» What to do
Return all the entries word for word, minus the pictures.

» Dataset excerpts
[Start of Attachment]

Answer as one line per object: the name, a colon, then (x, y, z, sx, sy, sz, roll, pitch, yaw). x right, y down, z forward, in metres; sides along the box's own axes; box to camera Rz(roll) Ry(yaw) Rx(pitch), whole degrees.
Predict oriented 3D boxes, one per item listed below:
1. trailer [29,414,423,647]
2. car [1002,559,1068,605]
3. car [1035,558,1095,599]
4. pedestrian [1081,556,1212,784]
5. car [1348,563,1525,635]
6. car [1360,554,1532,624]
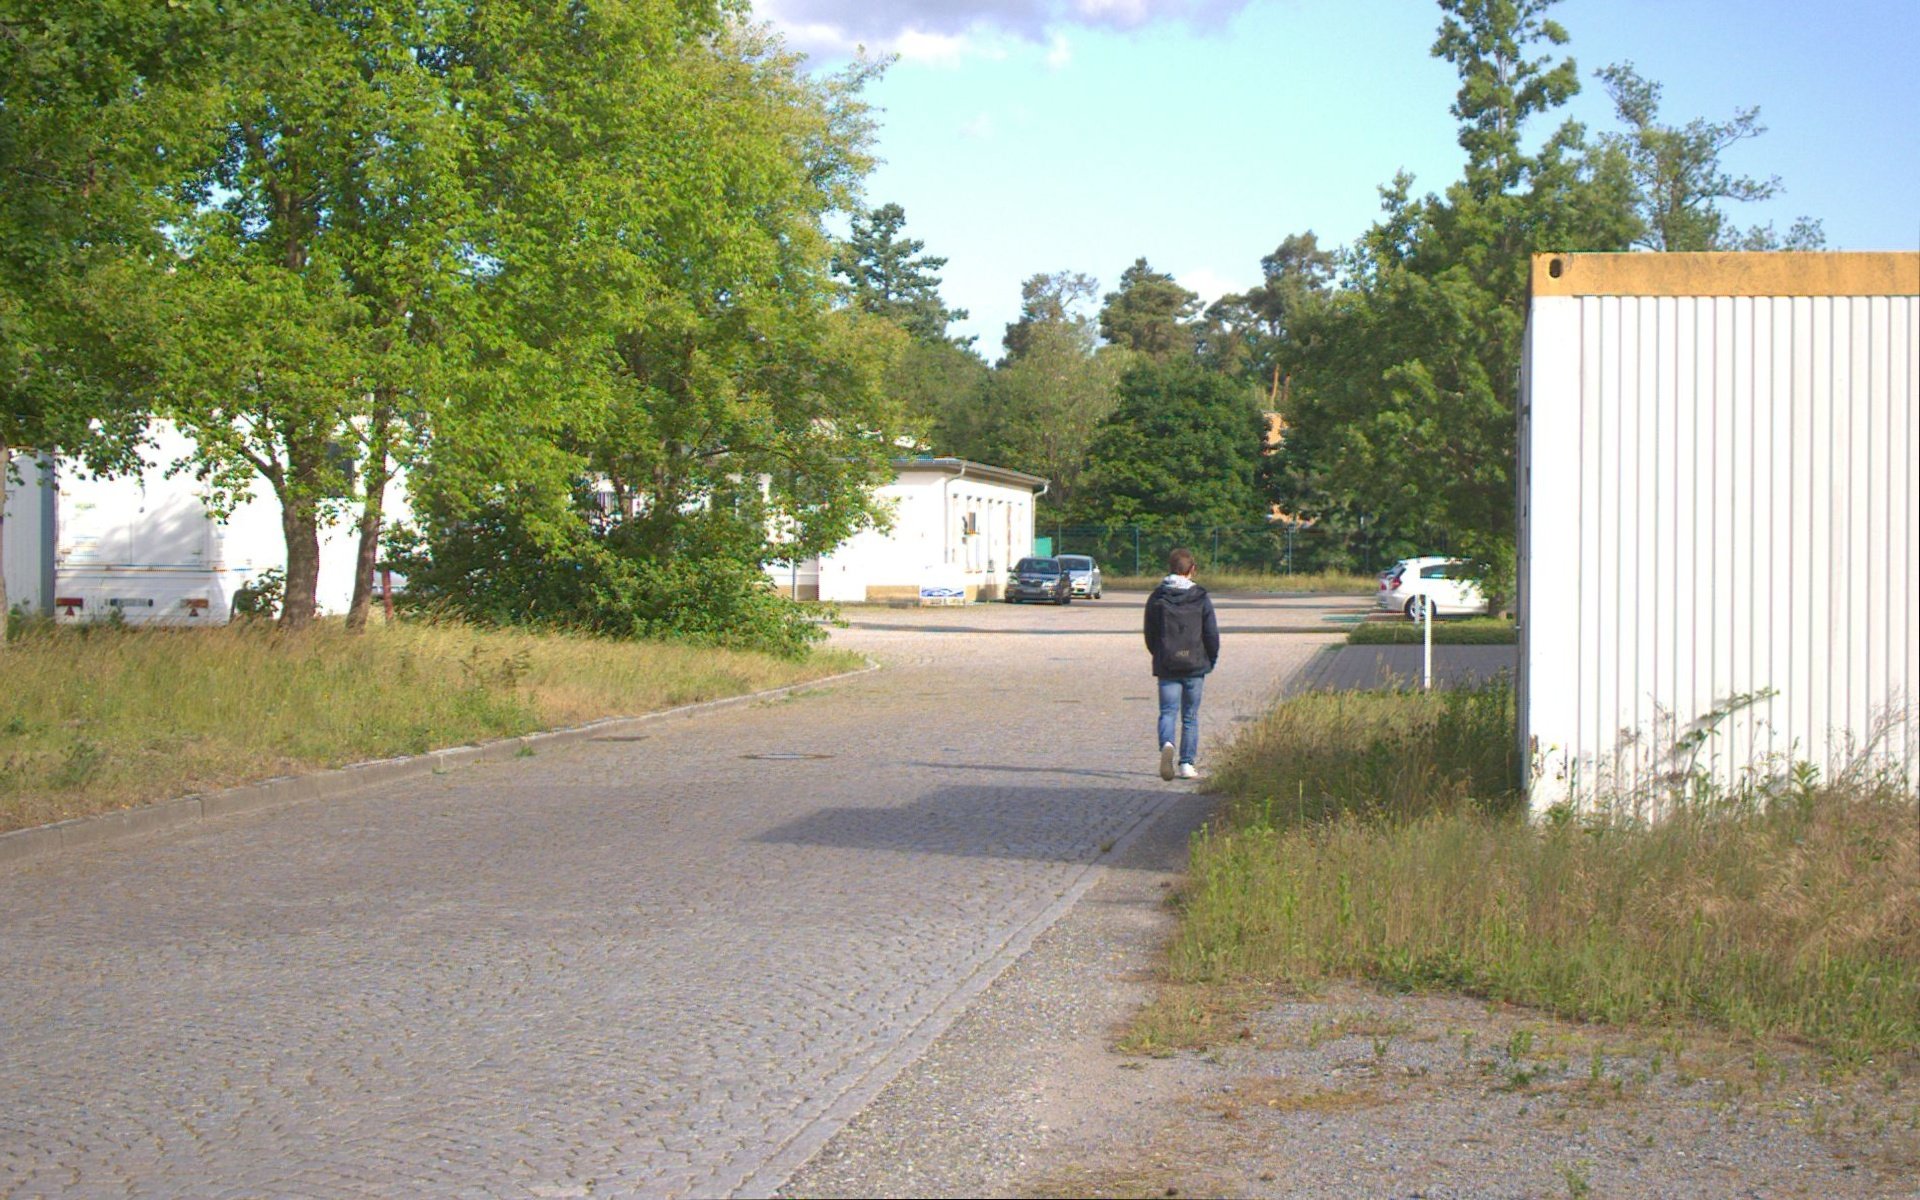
trailer: (-11.782, -1.095, 56.395, 2.918, 3.459, 9.897, 1, 1, 9)
car: (2.311, -0.563, 106.772, 1.993, 1.366, 4.000, 1, 1, 1)
car: (3.554, -0.742, 116.974, 1.993, 1.371, 4.000, 1, 1, 1)
pedestrian: (1.297, 0.473, 24.068, 0.865, 1.553, 1.028, 1, 0, 1)
car: (11.285, -0.037, 81.335, 3.989, 1.637, 1.999, 1, 1, 13)
car: (11.880, -0.280, 83.901, 3.989, 1.637, 1.999, 1, 1, 13)

[End of Attachment]

» Answer below
Answer as one line per object: the name, a colon, then (x, y, z, sx, sy, sz, roll, pitch, yaw). x right, y down, z forward, in metres; sides along the box's own axes; box to camera Rz(roll) Ry(yaw) Rx(pitch), whole degrees.
Predict oriented 3D boxes, one per item listed below:
1. trailer [29,414,423,647]
2. car [1002,559,1068,605]
3. car [1035,558,1095,599]
4. pedestrian [1081,556,1212,784]
5. car [1348,563,1525,635]
6. car [1360,554,1532,624]
trailer: (-11.782, -1.095, 56.395, 2.918, 3.459, 9.897, 1, 1, 9)
car: (2.311, -0.563, 106.772, 1.993, 1.366, 4.000, 1, 1, 1)
car: (3.554, -0.742, 116.974, 1.993, 1.371, 4.000, 1, 1, 1)
pedestrian: (1.297, 0.473, 24.068, 0.865, 1.553, 1.028, 1, 0, 1)
car: (11.285, -0.037, 81.335, 3.989, 1.637, 1.999, 1, 1, 13)
car: (11.880, -0.280, 83.901, 3.989, 1.637, 1.999, 1, 1, 13)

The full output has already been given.